Number of Participants With Quality of Life (Angina Frequency) Assessment	1 year	Overall health status was assessed briefly using the EQ-5D-5L, a standardized generic measure that can also be used to link specific health states to general population-based utilities. The EQ-5D-5L consists of two parts: (1) a descriptive assessment of five dimensions (mobility, self-care, usual activities, pain/discomfort, anxiety/depression), each of which can take one of five responses corresponding to the level of severity within each dimension, and (2) a self-rating 0- 100 "thermometer" of current health-related quality of life. The proportion of participants with frequent angina (Seattle Angina Questionnaire angina frequency score \<80).

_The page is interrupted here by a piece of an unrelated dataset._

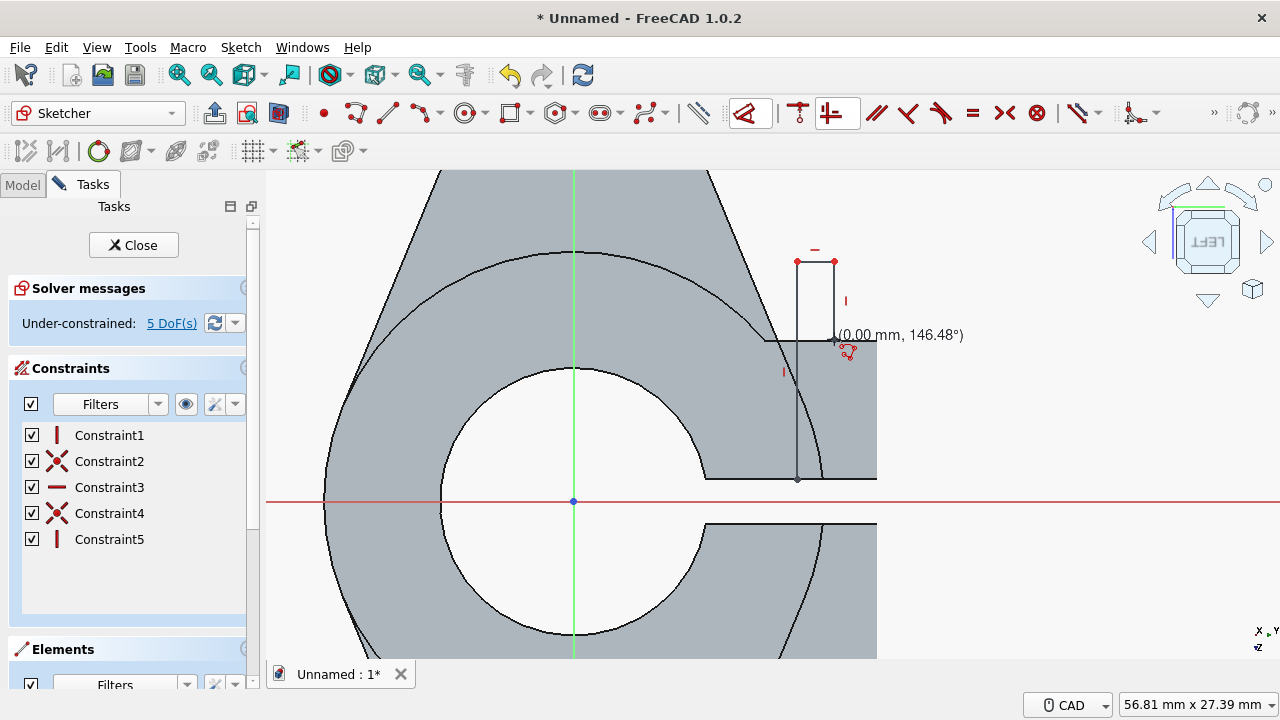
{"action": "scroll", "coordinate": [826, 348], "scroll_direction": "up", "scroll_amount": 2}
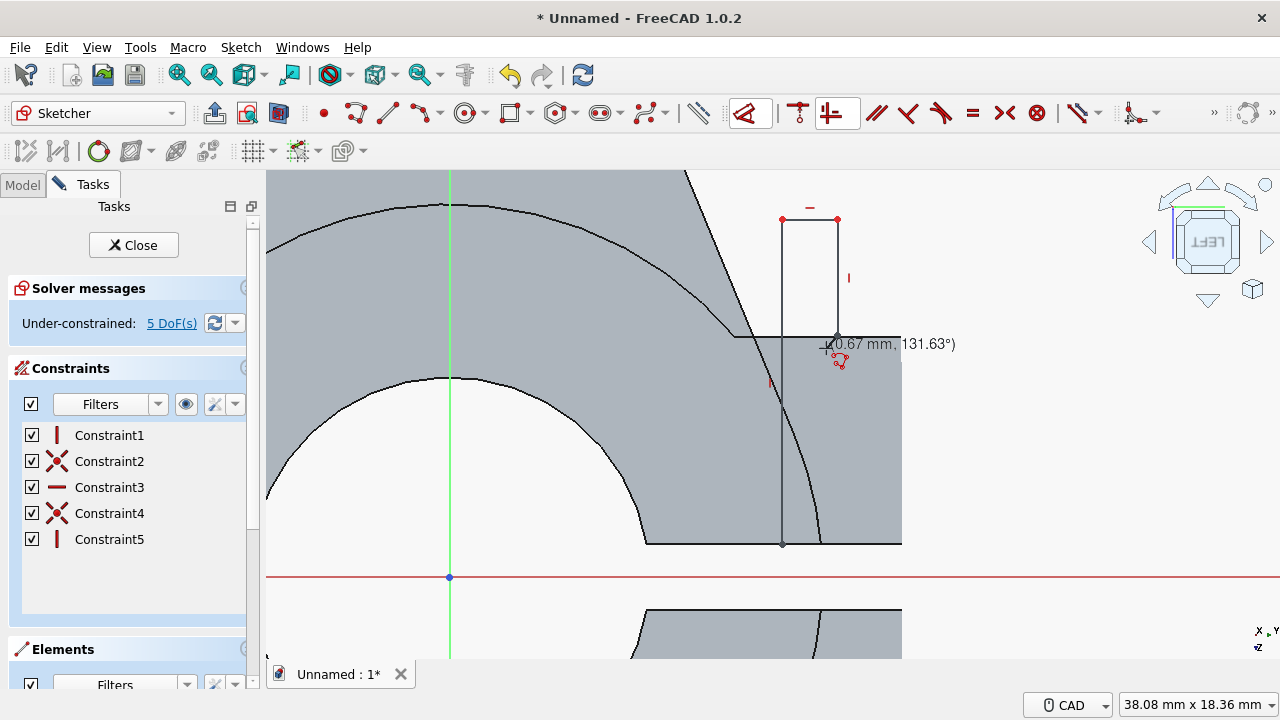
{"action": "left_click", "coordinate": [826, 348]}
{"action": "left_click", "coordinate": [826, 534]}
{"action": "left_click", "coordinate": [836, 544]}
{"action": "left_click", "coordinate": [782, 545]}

Cumulative Radiation Exposure From All Cardiovascular Procedures (12 M), MilliSievert (mSv)	1 year	The cumulative radiation exposure over the 12 months following Randomization was calculated based on each participant's exposure to radiation for cardiovascular care. If data are missing in \> 80% or more of the diagnostic and procedural testing, a single fixed estimate of radiation based on the literature will be used to impute. Given high missingness in catheterization data, a fixed estimate of 6.6 mSv and 4.1 mSv was used for catheterization with and without revascularization, respectively, based on recent trial data.
Number of Participants With Preventive Medication Use	1 Year	Lipid-lowering agents included statins, ezetimibe, PCSK9 inhibitors. Antiplatelet agents included aspirin, clopidogrel, ticagrelor, or prasugrel. Antihypertensive medications included calcium channel blockers, angiotensin-converting enzyme inhibitors, angiotensin receptor blockers, angiotensin-neprilysin inhibitor, beta blockers, nitrates, or diuretics.
Number of Catheterization and Revascularization Procedures	1 year	Catheterization efficiency was defined as the proportion of invasive cardiac catheterization patients who undergo revascularization (PCI or CABG) within 6 months. Revascularization may occur either percutaneously (PCI) or surgically (CABG) or as hybrid (PCI and CABG). For PCI, any intervention on a lesion in the coronary tree (including angioplasty, stenting, intravascular lithotripsy) whether successful or not will be considered a revascularization. For CABG the start of the surgical procedure (skin incision) was considered as CABG, whether the procedure was successful or not. Staged revascularization was considered as one revascularization event.